→ **ACTION ITEM**
The expected answer is every line of the material that contains the word "objects".

→ **RECORDS FOR THE EXERCISE**
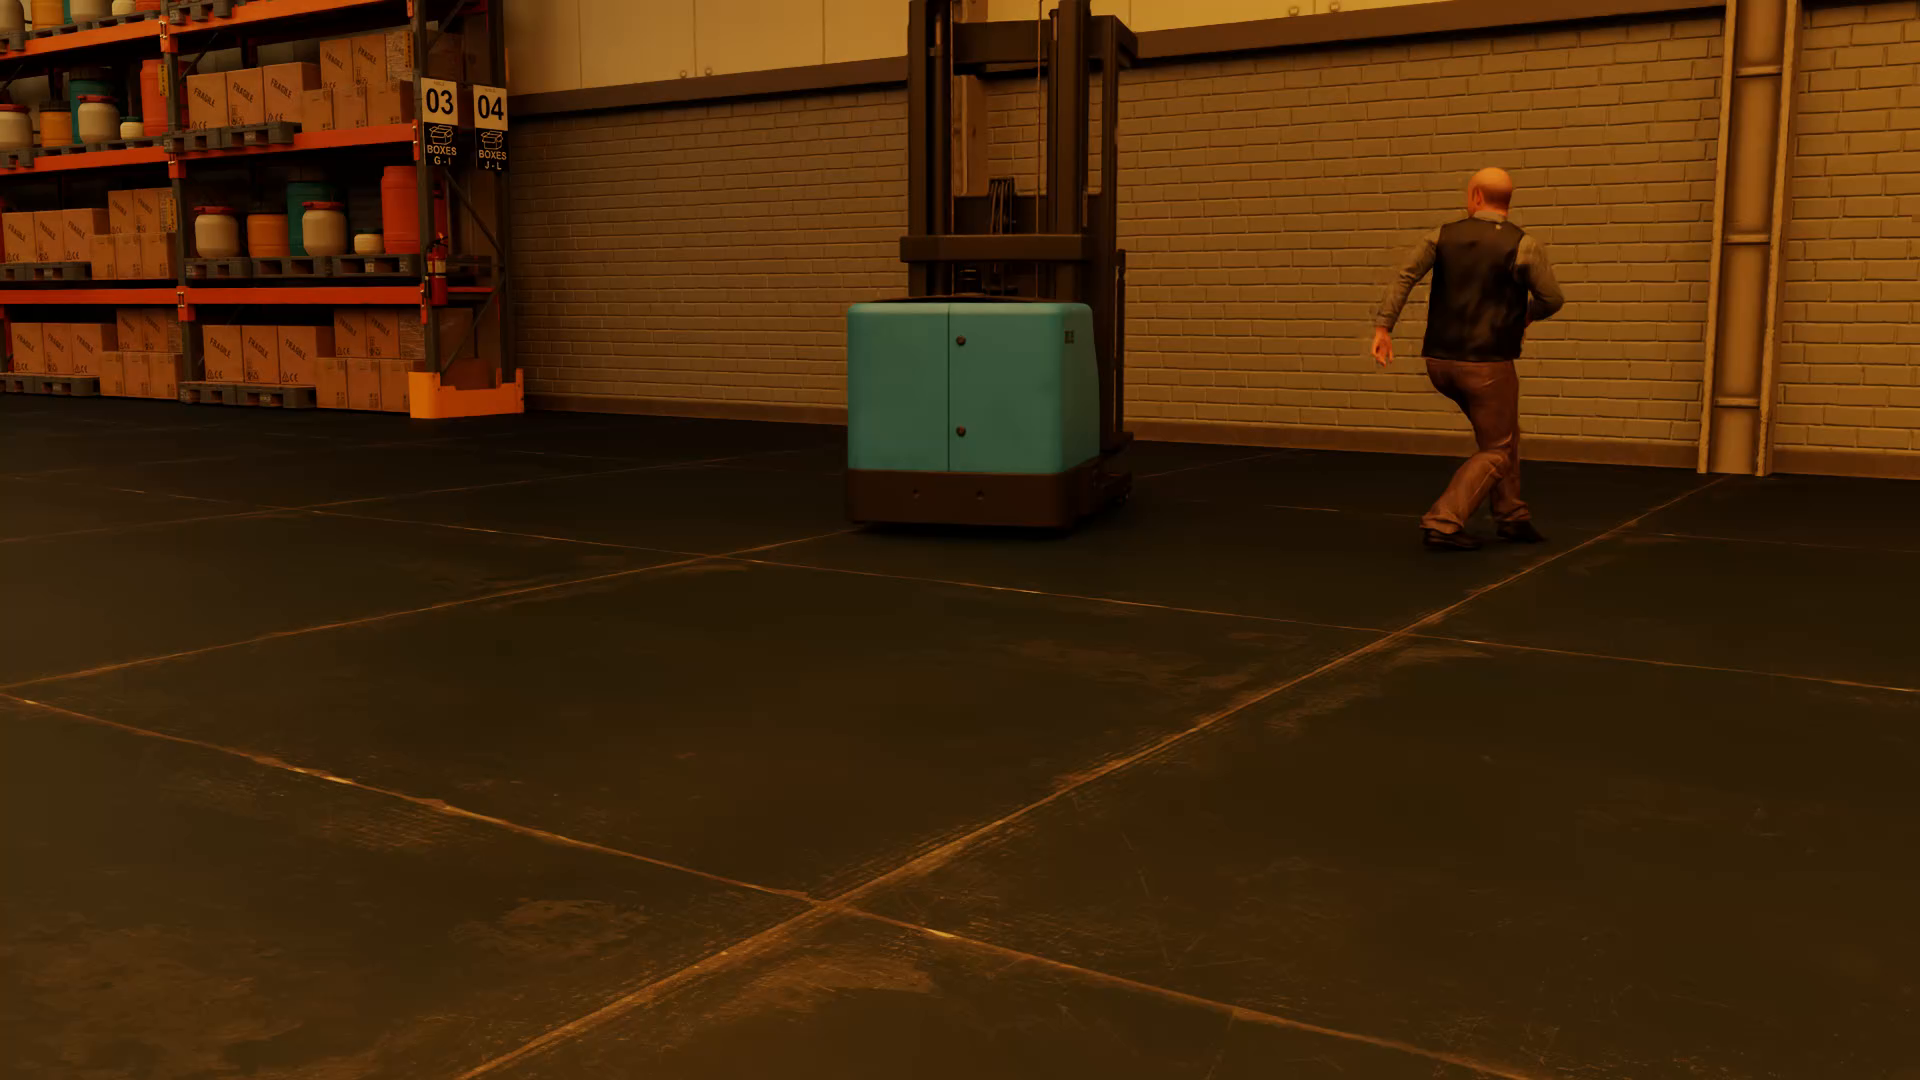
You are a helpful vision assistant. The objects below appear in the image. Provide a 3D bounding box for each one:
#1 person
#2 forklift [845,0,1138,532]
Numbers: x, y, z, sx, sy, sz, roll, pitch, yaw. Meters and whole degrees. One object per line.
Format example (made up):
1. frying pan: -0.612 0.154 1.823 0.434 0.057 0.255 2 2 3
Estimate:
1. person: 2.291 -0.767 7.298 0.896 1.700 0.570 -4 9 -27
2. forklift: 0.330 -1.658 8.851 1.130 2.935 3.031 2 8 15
--
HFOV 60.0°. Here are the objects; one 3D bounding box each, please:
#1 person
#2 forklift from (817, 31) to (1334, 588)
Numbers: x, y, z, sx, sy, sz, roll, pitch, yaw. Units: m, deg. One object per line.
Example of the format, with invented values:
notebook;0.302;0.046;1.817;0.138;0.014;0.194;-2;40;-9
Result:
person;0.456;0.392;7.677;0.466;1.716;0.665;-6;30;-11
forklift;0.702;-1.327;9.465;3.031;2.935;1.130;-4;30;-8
* * *
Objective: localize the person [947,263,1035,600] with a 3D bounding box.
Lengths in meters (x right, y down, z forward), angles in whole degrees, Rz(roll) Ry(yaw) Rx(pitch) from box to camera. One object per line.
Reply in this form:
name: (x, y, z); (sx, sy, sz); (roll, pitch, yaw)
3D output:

→ **EXERCISE ANSWER**
You are a helpful vision assistant. The objects below appear in the image. Provide a 3D bounding box for each one:
HFOV 60.0°. Here are the objects; one 3D bounding box each, please:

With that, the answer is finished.